Image: Locus coeruleus as seen in 7T MRI scan (Photo courtesy of University of Cambridge)
Both Parkinson’s disease and a related disorder, progressive supranuclear palsy (PSP), are progressive brain diseases that not only affect movement but also damage motivation and cognition. Patients with Parkinson’s disease and PSP are often treated with drugs such as L-DOPA, which compensate for the severe loss of dopamine. But, dopamine treatment does little for many of the non-motor symptoms. Now, ultra-powerful 7T MRI scanners could be used to help identify those patients with Parkinson’s disease and similar conditions most likely to benefit from new treatments for previously-untreatable symptoms.
To understand the causes of cognitive symptoms in Parkinson’s disease and PSP, researchers at the University of Cambridge (Cambridge, UK) used a new ultra-high strength ‘7T’ MRI scanner to measure changes in the brains of people with Parkinson’s disease, PSP, or in good health. 7T refers to the strength of the magnetic field; most MRI scanners tend to be 3T or below. Since dopamine treatment does little for many of the non-motor symptoms, scientists have begun to turn their attention to noradrenaline, a chemical that plays a critical role in brain functions including attention and arousal, thinking and motivation. A study last year examining brains donated to the Cambridge Brain Bank, found that some people with PSP had lost as much as 90% of the noradrenaline-producing locus coeruleus. It is thought that in PSP, damage to the locus coeruleus is caused by a build-up of the junk protein tau. When noradrenaline breaks down, it appears to trigger changes in the tau protein that lead to its build-up. This then damages the same cells that produce noradrenaline, leading to a vicious circle. A similar situation may occur in Parkinson’s disease.

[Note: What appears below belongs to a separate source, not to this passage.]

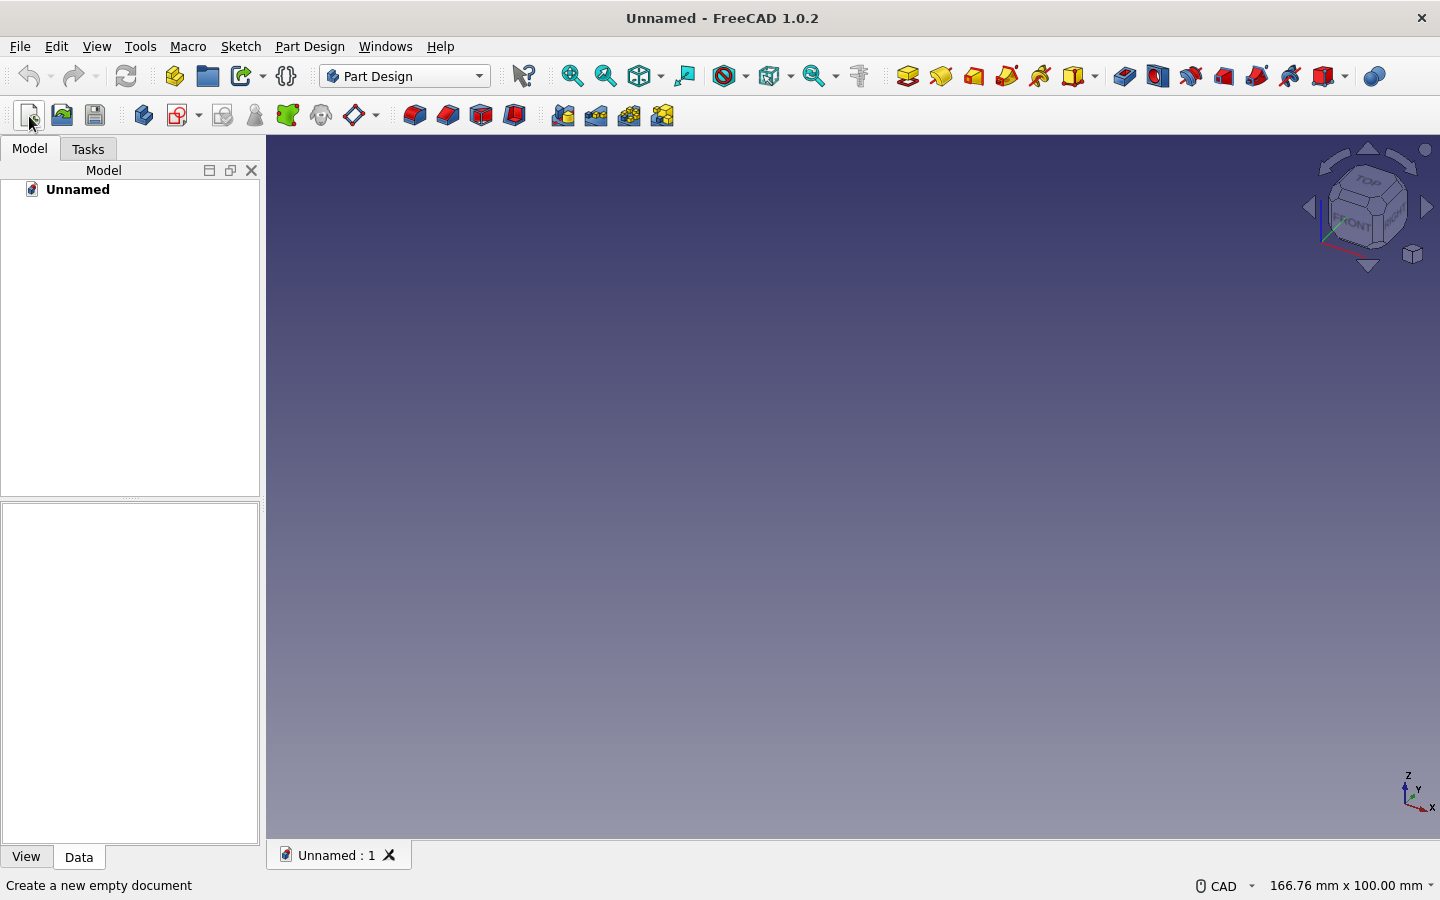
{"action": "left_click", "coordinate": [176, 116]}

The research team wanted to know how this tiny region could be studied in patients who are still alive. Previous MRI scanners have not had the resolution to measure the region in living patients. While most scanners can show structures at the level of detail of a grain of rice, 7T scanners, which have ultra-strong magnetic fields, can provide resolution at the size of a grain of sand. The scanners allowed the team to examine the locus coeruleus of their subjects and confirm that the greater the level of damage to this region, the more severe their symptoms of apathy and the worse they performed at cognitive tests. The findings offer the hope of new treatments for these symptoms. A number of drugs that boost noradrenaline have already been through clinical trials for other conditions and hence have been shown to be safe and well tolerated. The researchers are now leading a clinical trial to see if these drugs alleviate symptoms in PSP.
“The locus coeruleus is a devil to see on a normal scanner. Even good hospital scanners just can't see it very well,” said Professor James Rowe from the Department of Clinical Neurosciences at the University of Cambridge, who led the study. “And if you can't measure it, you can't work out how two people differ: who's got more, who's got less?”
“The ultra-powerful 7T scanner may help us identify those patients who we think will benefit the most,” added Dr Rong Ye from the Department of Clinical Neurosciences at the University of Cambridge, the study’s joint first author. “This will be important for the success of the clinical trial, and, if the drugs are effective, will mean we know which patients to give the treatment to.”